[What is required]:
In the records below, find the line containing "text Het college"; restate it and every later line word for word, through the last.

[Extracted records]
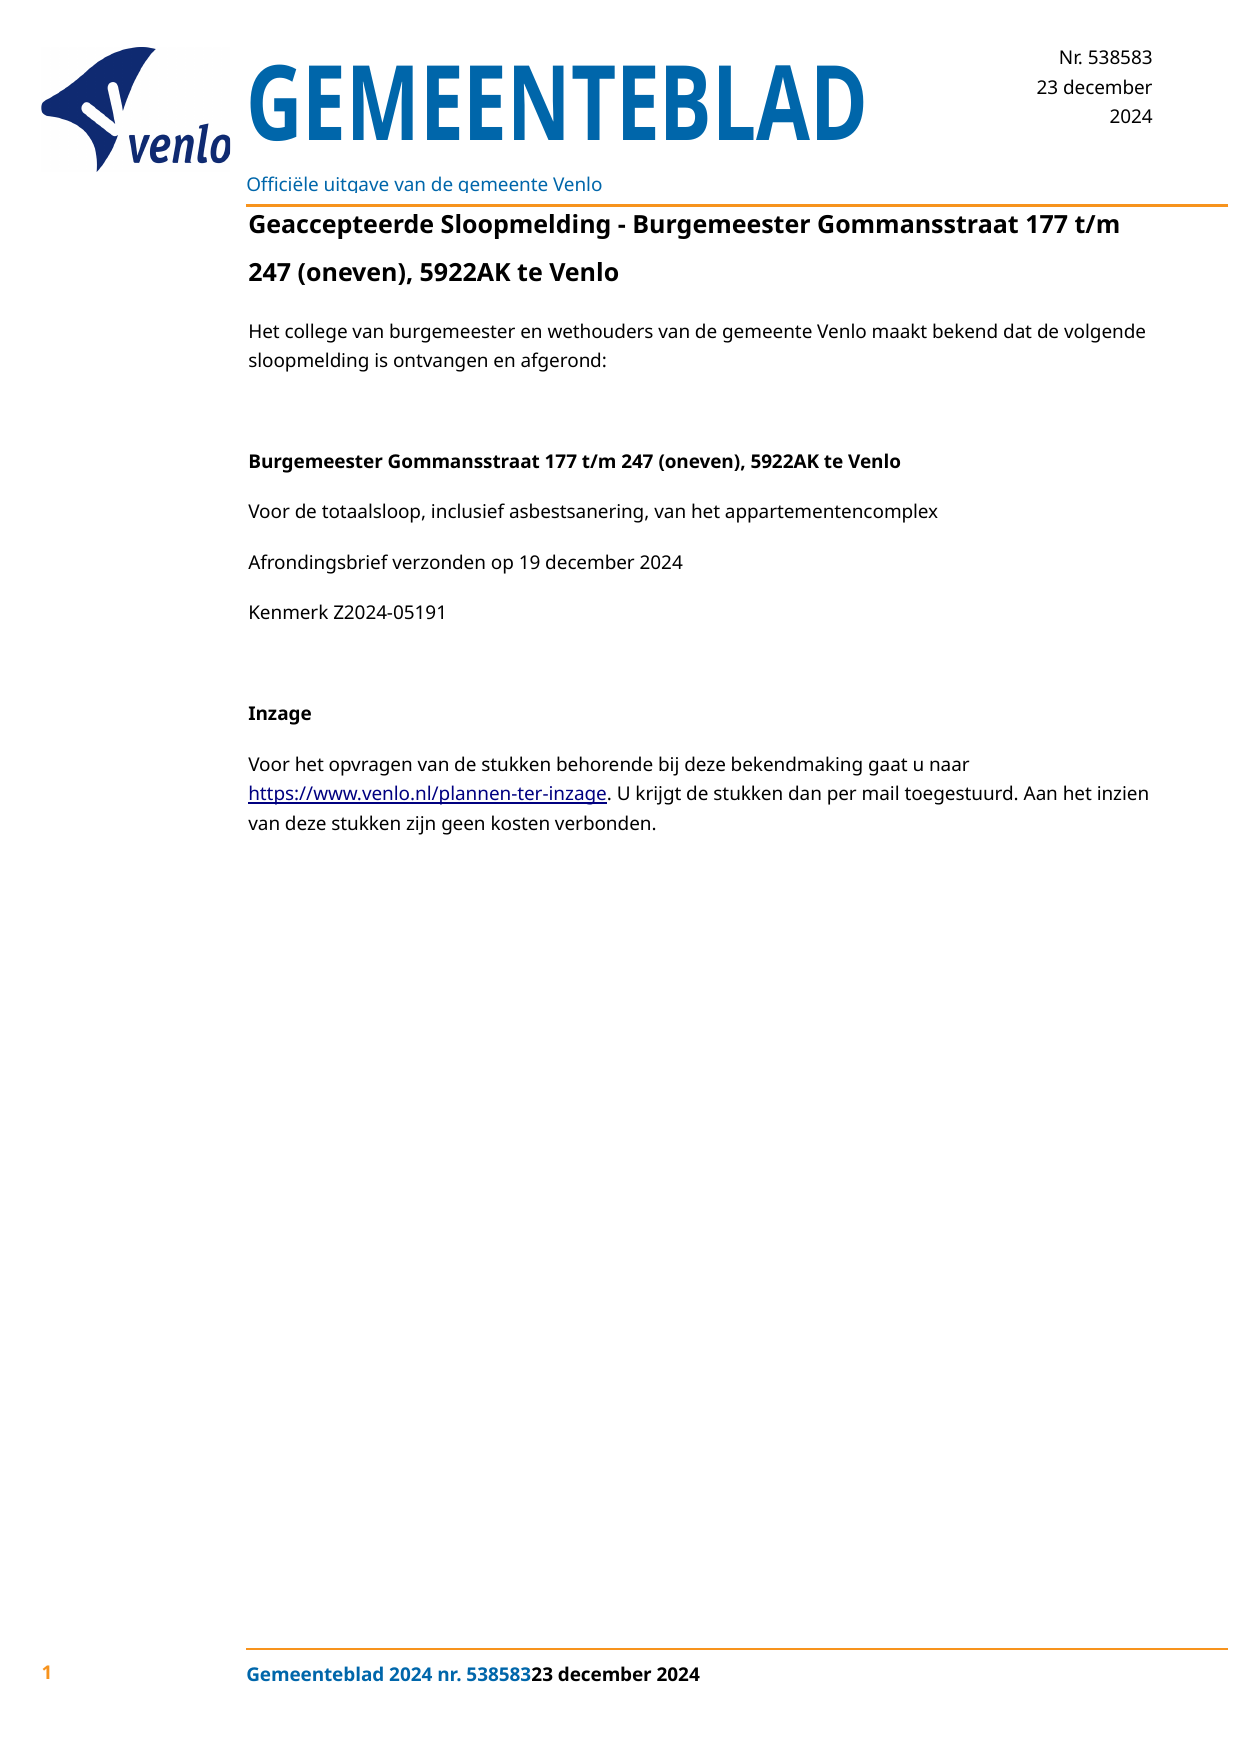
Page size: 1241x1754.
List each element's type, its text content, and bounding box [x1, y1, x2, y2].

text Voor het opvragen van de stukken behorende bij deze bekendmaking gaat u naar https://www.venlo.nl/plannen-ter-inzage. U krijgt de stukken dan per mail toegestuurd. Aan het inzien van deze stukken zijn geen kosten verbonden. [248, 751, 1152, 836]
text Inzage [248, 700, 1152, 726]
text Geaccepteerde Sloopmelding - Burgemeester Gommansstraat 177 t/m 247 (oneven), 5922AK te Venlo [248, 207, 1152, 288]
text Het college van burgemeester en wethouders van de gemeente Venlo maakt bekend dat de volgende sloopmelding is ontvangen en afgerond: [248, 318, 1152, 373]
text Kenmerk Z2024-05191 [248, 599, 1152, 625]
text Burgemeester Gommansstraat 177 t/m 247 (oneven), 5922AK te Venlo [248, 448, 1152, 474]
text Afrondingsbrief verzonden op 19 december 2024 [248, 549, 1152, 575]
text Voor de totaalsloop, inclusief asbestsanering, van het appartementencomplex [248, 499, 1152, 524]
picture [41, 47, 231, 172]

[Exercise result]:
text Het college van burgemeester en wethouders van de gemeente Venlo maakt bekend dat de volgende sloopmelding is ontvangen en afgerond: [248, 318, 1152, 373]
text Kenmerk Z2024-05191 [248, 599, 1152, 625]
text Burgemeester Gommansstraat 177 t/m 247 (oneven), 5922AK te Venlo [248, 448, 1152, 474]
text Afrondingsbrief verzonden op 19 december 2024 [248, 549, 1152, 575]
text Voor de totaalsloop, inclusief asbestsanering, van het appartementencomplex [248, 499, 1152, 524]
picture [41, 47, 231, 172]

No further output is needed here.